Frühzeitige Nachfolgeregelung "Nicht das Ziel, aber der Weg dorthin wird sich unterscheiden"

Die Nachfolgeplanung für den eigenen Textilservice-Betrieb ist entscheidend für den Fortbestand des Unternehmens. Ortwin Höller, Geschäftsführender Gesellschafter der Wilhelm Wulff GmbH in Munster, teilt seine Erfahrungen bei der Suche nach einer passenden Nachfolge.

Schild "Nachfolger gesucht"
Die Übergabe des eigenen Textilservice-Betriebes steht früher oder später für jeden Unternehmer an. Da sichert eine frühzeitige Nachfolgeplanung schon mal den Fortbestand des Betriebes. Aber nicht immer ist es leicht, eine passende Unternehmensnachfolge zu finden. - © K.C. – stock.adobe.com
Herr Höller, viele Textilservice-Betriebe stehen nach langer Existenz vor dem Aus, weil die Nachfolge nicht sinnvoll geregelt werden kann. Sie haben das Glück, dass gleich beide Söhne in Ihre Fußstapfen treten werden. War das für alle Beteiligten von Anfang an bzw. frühzeitig klar?

Ortwin Höller: Im Jahr 2000 habe ich von meiner Mutter das operative Geschäft der Firma übernommen und seitdem gemeinsam mit meinem Führungsteam weitergeführt. Nun, mit 75 Jahren, ist es an der Zeit, den Staffelstab weiterzureichen. Meine Söhne Till und Finn sind seit gut vier Jahren in unserem Unternehmen tätig, nachdem sie jeweils nach ihrem Studium auch bei anderen Unternehmen Erfahrungen gesammelt haben. Es war kein Plan, der im jugendlichen Alter gefasst wurde.

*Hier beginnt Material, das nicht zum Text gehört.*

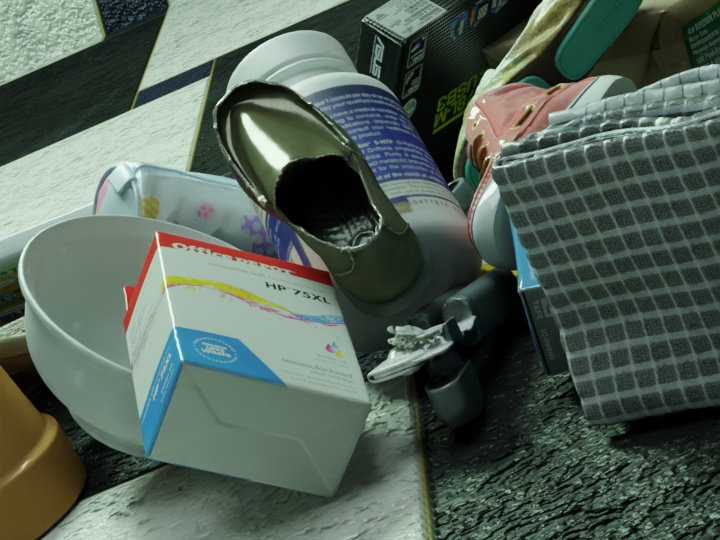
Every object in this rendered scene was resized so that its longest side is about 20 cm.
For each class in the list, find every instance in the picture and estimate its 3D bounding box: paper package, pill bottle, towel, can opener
[{"bbox_3d":[0.225,-0.174,1.783,0.190,0.104,0.200,-9,21,45],"label":"paper package"},{"bbox_3d":[-0.012,-0.058,1.542,0.119,0.120,0.201,-25,55,-4],"label":"pill bottle"},{"bbox_3d":[0.174,-0.013,1.204,0.199,0.166,0.086,-14,24,35],"label":"towel"},{"bbox_3d":[0.055,0.044,1.408,0.052,0.067,0.200,-21,7,20],"label":"can opener"}]

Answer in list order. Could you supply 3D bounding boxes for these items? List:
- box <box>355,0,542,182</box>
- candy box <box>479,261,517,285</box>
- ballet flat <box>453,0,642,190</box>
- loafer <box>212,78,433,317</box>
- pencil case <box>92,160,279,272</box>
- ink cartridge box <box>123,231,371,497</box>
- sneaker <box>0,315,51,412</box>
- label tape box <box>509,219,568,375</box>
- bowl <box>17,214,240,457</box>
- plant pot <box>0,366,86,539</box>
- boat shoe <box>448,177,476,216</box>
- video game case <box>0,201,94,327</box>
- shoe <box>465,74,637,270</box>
[{"bbox_3d":[0.065,-0.147,1.805,0.047,0.194,0.200,31,46,26],"label":"box"},{"bbox_3d":[0.141,-0.012,1.512,0.102,0.027,0.200,-29,16,-20],"label":"candy box"},{"bbox_3d":[0.122,-0.140,1.660,0.200,0.071,0.071,-53,18,-3],"label":"ballet flat"},{"bbox_3d":[-0.027,-0.058,1.431,0.075,0.070,0.200,-40,55,-7],"label":"loafer"},{"bbox_3d":[-0.087,-0.027,1.642,0.199,0.091,0.083,3,43,-28],"label":"pencil case"},{"bbox_3d":[-0.072,0.043,1.387,0.115,0.068,0.200,13,25,-18],"label":"ink cartridge box"},{"bbox_3d":[-0.237,0.076,1.647,0.070,0.076,0.200,-30,6,-28],"label":"sneaker"},{"bbox_3d":[0.189,-0.024,1.361,0.199,0.064,0.144,-17,26,8],"label":"label tape box"},{"bbox_3d":[-0.130,0.056,1.502,0.200,0.091,0.201,17,27,-9],"label":"bowl"},{"bbox_3d":[-0.297,0.116,1.533,0.199,0.141,0.200,-23,15,7],"label":"plant pot"},{"bbox_3d":[0.000,0.000,1.617,0.199,0.062,0.073,-25,15,-2],"label":"boat shoe"},{"bbox_3d":[-0.222,0.011,1.785,0.199,0.022,0.182,-20,-25,15],"label":"video game case"},{"bbox_3d":[0.101,-0.063,1.523,0.090,0.072,0.200,0,32,36],"label":"shoe"}]

Er entwickelte sich über die Zeit. Meine Söhne haben immer mal mitgearbeitet oder ausgeholfen, wenn es passte, wenn sie Lust hatten oder wenn Hilfe erforderlich war. Sie haben beide ihre Examensarbeiten über firmenrelevante Themen bei uns im Unternehmen geschrieben und sind auf diesem Wege "reingewachsen".

Sie arbeiten in der Geschäftsführung eng als Familie zusammen. Ist das manchmal ein Problem für Sie alle?

Ja, schon Familie allein ist in den seltensten Fällen ausschließlich harmonisch und wenn dann noch die Belange der Firma dazukommen, gibt es unterschiedliche Meinungen und Standpunkte. Das kann durchaus hin und wieder problematisch werden. Wir sind jeder für sich eigenständige Persönlichkeiten mit unterschiedlichen Erfahrungen und Erwartungen.

All das erfordert Toleranz und Abstimmung. Es ist deutlich schwieriger, eine Firma gemeinsam zu führen als allein und ohne Zwang zum Kompromiss. Aber genau darin liegt auch die große Möglichkeit, die Grobrichtung zum Wohle der Firma gemeinsam einzujustieren.

Ortwin Höller, Geschäftsführender Gesellschafter bei der Wilhelm Wulff GmbH in Munster.
Ortwin Höller, Geschäftsführender Gesellschafter bei der Wilhelm Wulff GmbH in Munster. - © Höller
So manch einem fällt frühzeitiges Abgeben und Loslassen schwer. Wie ist das bei Ihnen?

Was ist in der heutigen Zeit frühzeitig? Sicherlich nicht das gesetzlich verordnete Rentenalter. Es gibt Menschen, die stöhnen schon mit 50 und zählen die Tage bis zur Rente und andere arbeiten noch mit 75 mit Freude und Begeisterung. Ich gehöre zu den Letzteren, habe aber schon viele Arbeitsfelder vollumfänglich abgegeben und auch meine Arbeitszeit reduziert.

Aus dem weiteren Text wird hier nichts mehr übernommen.